[Opening EXTRACTED ENTRIES section]
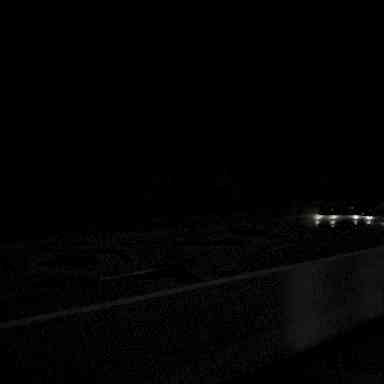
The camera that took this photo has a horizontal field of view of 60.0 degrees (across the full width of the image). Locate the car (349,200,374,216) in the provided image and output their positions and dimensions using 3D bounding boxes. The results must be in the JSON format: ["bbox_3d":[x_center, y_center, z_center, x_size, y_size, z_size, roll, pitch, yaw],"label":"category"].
[{"bbox_3d":[18.880,1.868,36.593,2.033,1.411,5.357,0,-1,29],"label":"car"}]

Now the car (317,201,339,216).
[{"bbox_3d":[15.473,1.802,37.783,1.882,1.535,5.008,0,-1,29],"label":"car"}]

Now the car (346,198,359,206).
[Closing EXTRACTED ENTRIES section]
- **WORK TASK**: All lines from the one that holds "Now the car (317,201,339,216)." to the end of the entries above must be transcribed exactly, both ends included, and no others.

- **RESPONSE BOX**:
Now the car (317,201,339,216).
[{"bbox_3d":[15.473,1.802,37.783,1.882,1.535,5.008,0,-1,29],"label":"car"}]

Now the car (346,198,359,206).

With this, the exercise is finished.